This week, our partnership with game criticism site Critical Distance brings us picks from Kris Ligman on topics ranging from the critical backlash to Playing History 2's 'Slave Tetris' to understanding the appeal of Street Fighter 5's 'Hot Ryu' look among female fans.
Bodies and Background
At The Mary Sue, the alliterative Maddy Myers invites us to talk about Hot Ryu, the fandom nickname given to an alternate costume for franchise mainstay Ryu in the upcoming Street Fighter V, and how his treatment differs from the sexual objectification we often associate with women characters:
When the "Hot Ryu" meme began, inspired by little more than Ryu's new beard design, entries in the meme focused on personifying and humanizing Ryu. The people who participated in this meme did not zoom in on shots of Ryu's muscles and post the word "abs" over and over, although many references to his physicality did occur; the crux of the meme was about Ryu participating in an imagined relationship with someone, in both a sexual and an emotional sense.
[...]
This presents a stark and deeply depressing contrast to how women in fighting games have been treated. [...] the camera lingers on their backsides and cleavage during the slow-motion sequences of their intros, outros, and special attacks. The result is that the fandom is encouraged to comment about [upcoming female Street Fighter combatant] R. Mika's looks [because] the camera dehumanizes her at every turn.

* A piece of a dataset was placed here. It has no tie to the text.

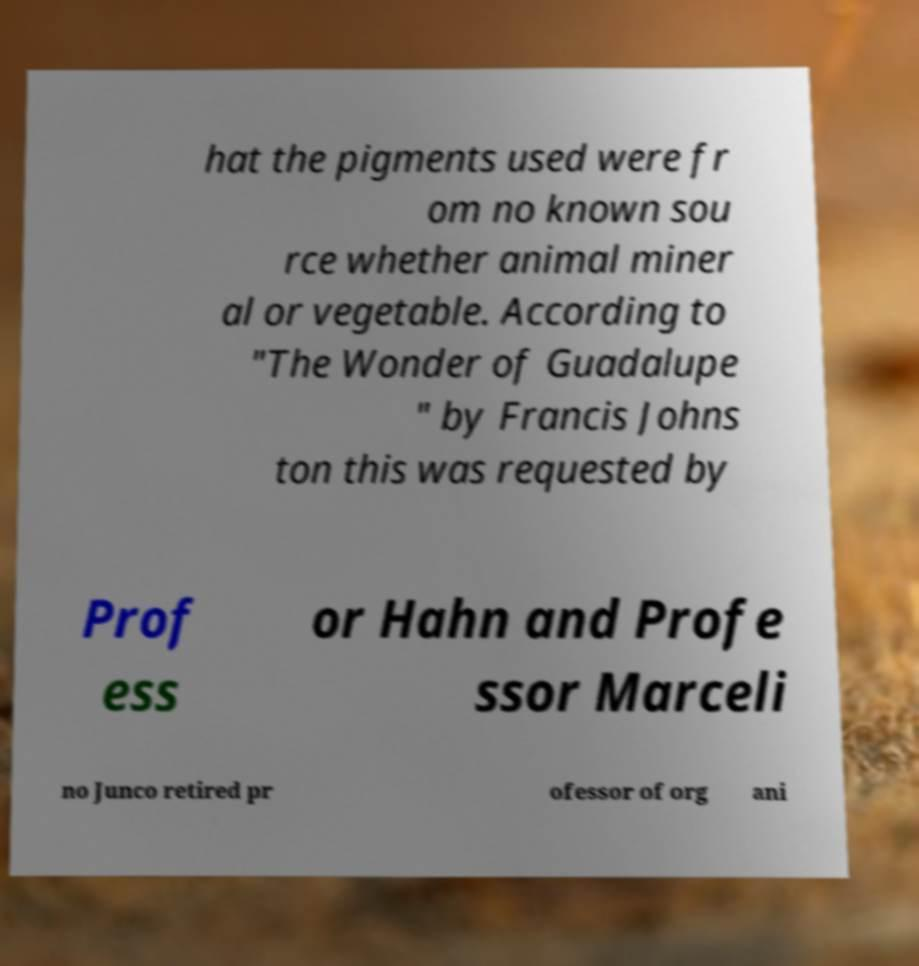There's text embedded in this image that I need extracted. Can you transcribe it verbatim? hat the pigments used were fr om no known sou rce whether animal miner al or vegetable. According to "The Wonder of Guadalupe " by Francis Johns ton this was requested by Prof ess or Hahn and Profe ssor Marceli no Junco retired pr ofessor of org ani

With the release of Metal Gear Solid 5, Eurogamer's Aoife Wilson challenges series director Hideo Kojima's previously-made comments that players will "feel ashamed" when they learn the plot reason for Quiet's combat bikini and fishnet attire:
If the purpose of this scene and of Quiet's character in general is to make commentary, perhaps some will say it is that women should be free to wear what they want into battle or anywhere else, but this actually isn't the case with Quiet at all. She herself states she never wanted to be this way. She has this exposure forced upon her, and given a choice, it's safe to assume she'd adopt more practical clothing. She needs to be naked to live now; she needs to be naked to earn a place in Kojima's, and our, world.
(Obviously, the full article contains some spoilers for the game.)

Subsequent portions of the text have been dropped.